Le Soudan remplacera d'ici un an toutes les ONG internationales actives au Darfour, théâtre de la plus importante mission d'aide au monde, par des organisations locales, a déclaré lundi le président Omar el-Béchir, franchissant ainsi un nouveau pas dans son défi à l'Occident.

«J'ai dit aux responsables des Affaires humanitaires que dans un an nous ne voulons plus voir aucune organisation d'aide étrangère travailler sur le terrain avec nos citoyens et que les organisations soudanaises devraient remplir ce rôle», a déclaré le président soudanais.

M. Béchir a dit souhaiter une «soudanisation» du travail humanitaire, notamment au Darfour. «Si les organisations étrangères veulent acheminer de l'aide, elles devront la livrer à l'aéroport», a-t-il ajouté, sans préciser son projet ni indiquer s'il appliquait aussi au Sud-Soudan.

«Il s'agit d'un processus en cours», a ensuite déclaré le ministre d'Etat aux Affaires humanitaires Ahmed Haroun, affirmant ne pas être en mesure de répondre aux «questions techniques» sur les propos du président.

Omar el-Béchir a fait ces déclarations à Khartoum devant des milliers de militaires venus renouveler leur «allégeance jusqu'à la mort» au président du Soudan, pays dont les relations sont très tendues avec l'Occident.

La Cour pénale internationale (CPI) a émis le 4 mars un mandat d'arrêt contre le dirigeant soudanais pour crimes de guerre et crimes contre l'humanité au Darfour, région occidentale en proie à un conflit complexe à l'origine de 300.000 morts selon l'ONU, seulement 10.000 selon Khartoum.

Le Soudan a aussitôt réagi en expulsant 13 des plus importantes ONG internationales actives au Darfour dont la britannique Oxfam, l'américaine Care et les sections française et néerlandaise de Médecins sans Frontières (MSF).

Les ONG au Darfour distribuent des denrées alimentaires, fournissent des soins et encadrent l'accès à l'eau potable pour 2,7 millions de déplacés et des dizaines de milliers d'autres personnes affectées par les combats.

L'ONU estime déjà que plus d'un million sont pénalisées par l'expulsion des ONG, un chiffre qui grimpera si les quelque 70 ONG internationales encore actives au Darfour doivent plier bagages.
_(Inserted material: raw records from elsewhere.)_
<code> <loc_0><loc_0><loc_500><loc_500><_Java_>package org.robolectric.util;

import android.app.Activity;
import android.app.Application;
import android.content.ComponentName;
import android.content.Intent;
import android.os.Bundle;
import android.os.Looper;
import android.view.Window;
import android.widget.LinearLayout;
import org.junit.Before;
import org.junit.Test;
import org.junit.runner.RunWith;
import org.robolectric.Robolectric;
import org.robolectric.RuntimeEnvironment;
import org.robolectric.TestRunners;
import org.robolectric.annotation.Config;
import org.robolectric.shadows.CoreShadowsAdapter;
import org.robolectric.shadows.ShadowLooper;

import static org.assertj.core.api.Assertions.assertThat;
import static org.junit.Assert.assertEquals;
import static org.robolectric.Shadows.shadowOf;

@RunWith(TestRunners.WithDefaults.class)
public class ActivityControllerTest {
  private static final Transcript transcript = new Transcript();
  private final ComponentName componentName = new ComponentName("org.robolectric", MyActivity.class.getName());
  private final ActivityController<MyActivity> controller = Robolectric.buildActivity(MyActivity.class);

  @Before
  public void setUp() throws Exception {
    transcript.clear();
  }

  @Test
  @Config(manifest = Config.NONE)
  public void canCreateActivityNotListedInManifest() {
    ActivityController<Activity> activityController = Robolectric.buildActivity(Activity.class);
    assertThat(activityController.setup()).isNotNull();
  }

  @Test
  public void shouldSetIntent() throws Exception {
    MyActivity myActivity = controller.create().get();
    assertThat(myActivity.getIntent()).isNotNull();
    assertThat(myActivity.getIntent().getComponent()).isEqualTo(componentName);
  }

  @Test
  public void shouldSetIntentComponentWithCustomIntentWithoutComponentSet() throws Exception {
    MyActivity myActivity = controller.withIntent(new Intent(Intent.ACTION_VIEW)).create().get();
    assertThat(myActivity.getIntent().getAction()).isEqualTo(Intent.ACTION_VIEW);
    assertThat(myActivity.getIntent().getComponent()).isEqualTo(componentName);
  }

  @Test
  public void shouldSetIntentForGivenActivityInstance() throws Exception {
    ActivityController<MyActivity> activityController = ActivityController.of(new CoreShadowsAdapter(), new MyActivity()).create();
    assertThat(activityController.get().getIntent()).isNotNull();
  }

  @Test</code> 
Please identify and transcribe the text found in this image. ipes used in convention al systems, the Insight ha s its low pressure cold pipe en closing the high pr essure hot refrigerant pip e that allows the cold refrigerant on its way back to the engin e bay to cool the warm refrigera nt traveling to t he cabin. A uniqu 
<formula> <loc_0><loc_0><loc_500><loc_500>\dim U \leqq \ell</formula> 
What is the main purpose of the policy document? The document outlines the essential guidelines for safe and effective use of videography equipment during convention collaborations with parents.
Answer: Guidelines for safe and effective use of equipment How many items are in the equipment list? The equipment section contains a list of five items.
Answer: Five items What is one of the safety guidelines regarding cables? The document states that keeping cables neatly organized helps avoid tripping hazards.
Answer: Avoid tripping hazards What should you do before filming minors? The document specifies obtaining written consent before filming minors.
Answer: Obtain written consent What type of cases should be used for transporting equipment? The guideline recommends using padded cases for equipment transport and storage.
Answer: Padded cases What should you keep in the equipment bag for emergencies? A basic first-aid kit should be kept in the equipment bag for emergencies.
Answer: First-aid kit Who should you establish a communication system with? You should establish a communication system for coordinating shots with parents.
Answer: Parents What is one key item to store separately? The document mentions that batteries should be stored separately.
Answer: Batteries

Le Soudan a assuré la semaine dernière «combler le vide» laissé par le départ des organisations internationales, en coopérant avec l'ONU et la Croix-Rouge internationale et en mobilisant des organisations locales.

Mais le responsable des affaires humanitaires de l'ONU, John Holmes, a averti que «les agences de l'ONU, les ONG et le gouvernement (soudanais) n'ont pas pas la capacité de remplacer toutes les activités».

Khartoum a publié une liste de 19 ONG soudanaises pour remplacer les organisations expulsées et le ministère de la Santé a assuré qu'il enverrait 100 médecins au Darfour et des médicaments.

«Les ONG expulsées (du Darfour) étaient des distributeurs d'aide, mais les donateurs sont toujours présents, le PAM, l'Organisation mondiale de la santé, l'Unicef et d'autres... Personne ne leur a demandé de partir», a déclaré à l'AFP Mandour al-Mahidi, secrétaire général du bureau politique du Parti du congrès national (NCP), la formation du président Béchir.

«C'est du chantage», a rétorqué un diplomate occidental sous couvert de l'anonymat, précisant que plusieurs pays finançant les agences de l'ONU avaient des doutes sérieux sur le plan de Khartoum de distribution d'aide humanitaire.

L'ONU a lancé un appel de fonds de 2,2 milliards de dollars pour le Soudan en 2009, en grande partie destinés au Darfour.